# Edisto island SC Vacation, Surf Fishing.



## junkmansj (Jul 23, 2005)

Will be in Edisto Island Sc 2nd Week in October, Anyone have any info or Tips on Fishing around the Area from the SURF. I know i will need Mullet for bait,and will most likely have shrimp and might bring some pogys (menhaden)
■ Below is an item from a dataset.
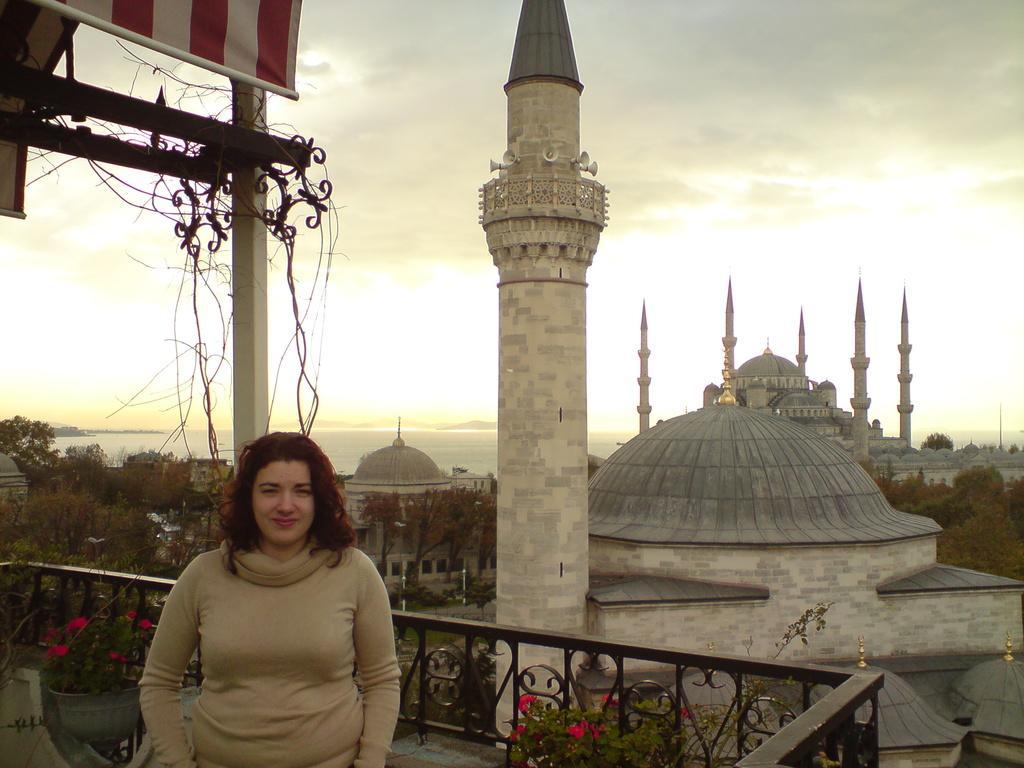Describe this image in one or two sentences. In this image we can see a lady. Near to her there are flowering plants. Also there is a pot and there is a railing. In the back there are buildings with pillars. Also there are megaphones. And there are trees and sky with clouds. Also there is water. 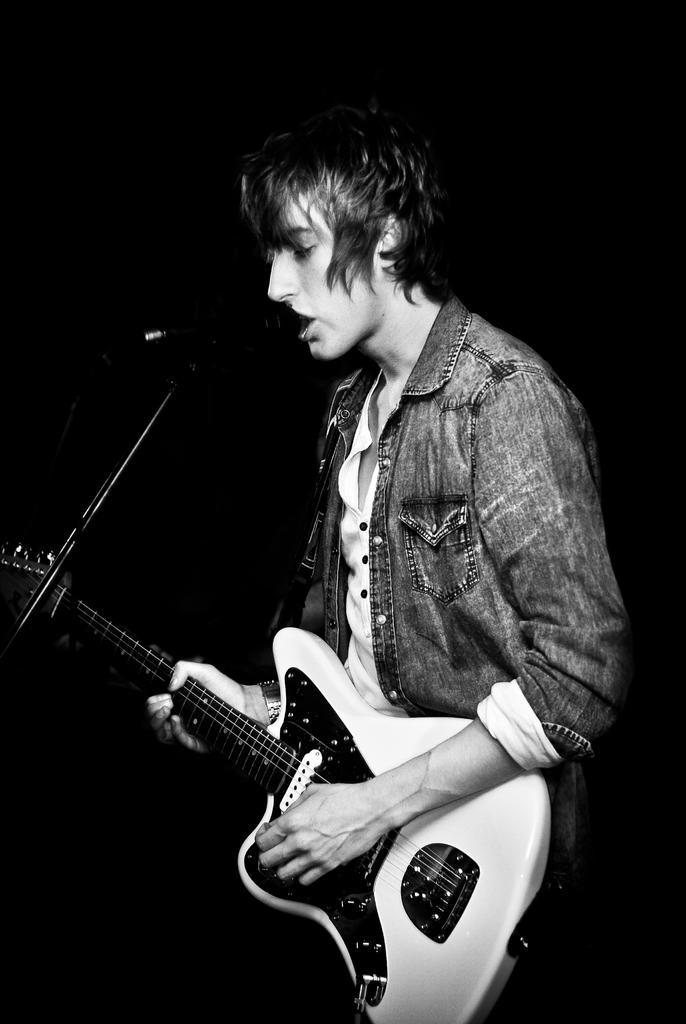Can you describe this image briefly? Here is a man who is singing a song, he is wearing a jacket and holding a guitar in his hand ,in the background is black.

Any other Suggestions on Bait? Any local knowledge or Experience Main target will be reds and trout. Might take a big gun for sharks


----------



## LEW1 (Feb 5, 2009)

Do a google search for Charleston fishing forum. They have a dedicated Edisto forum. LEW1


----------



## SpringmaidKeith (Jun 30, 2013)

*springmaidkeith*

Shrimp is prob one of the best baits for surffishing, cut bait right with it. I was told a trick last year about the shrimp, since it does fall off the hook after awhile. Place your frozen shrimp in a container, tupperware, etc. & pour plain salt (no iodide) on it and put in your refrigerator over night, it will pull the moisture out of the shrimp and will make it like a fresh water plastic and stay on the hook. 
I've done this but haven't had the opportunity to try it out yet, do the same with the cut bait. It definatley is firmer. drain the water after ther first night & do it again if you want to. I was also told you can refreeze it afterwards.

Good luck, just a hint from the anglers I know, Keith


----------



## SupaFins (Jun 27, 2013)

Like Springmaid says...I read about the salted shrimp here on PierandSurf. There is a great thread on the "how to"in The Bible threads. I gotta say, I am very pleased with it. Seems to me the salted shrimp increase the bite...Not sure, but I always catch something since I've been using it. Only other suggestion would be to try some squid too...good luck


----------



## junkmansj (Jul 23, 2005)

is that Kosher Salt your talking about, I use that to preserve fresh Clams here


----------



## junkmansj (Jul 23, 2005)

Anybody here Surf fish for Sharks around there?


----------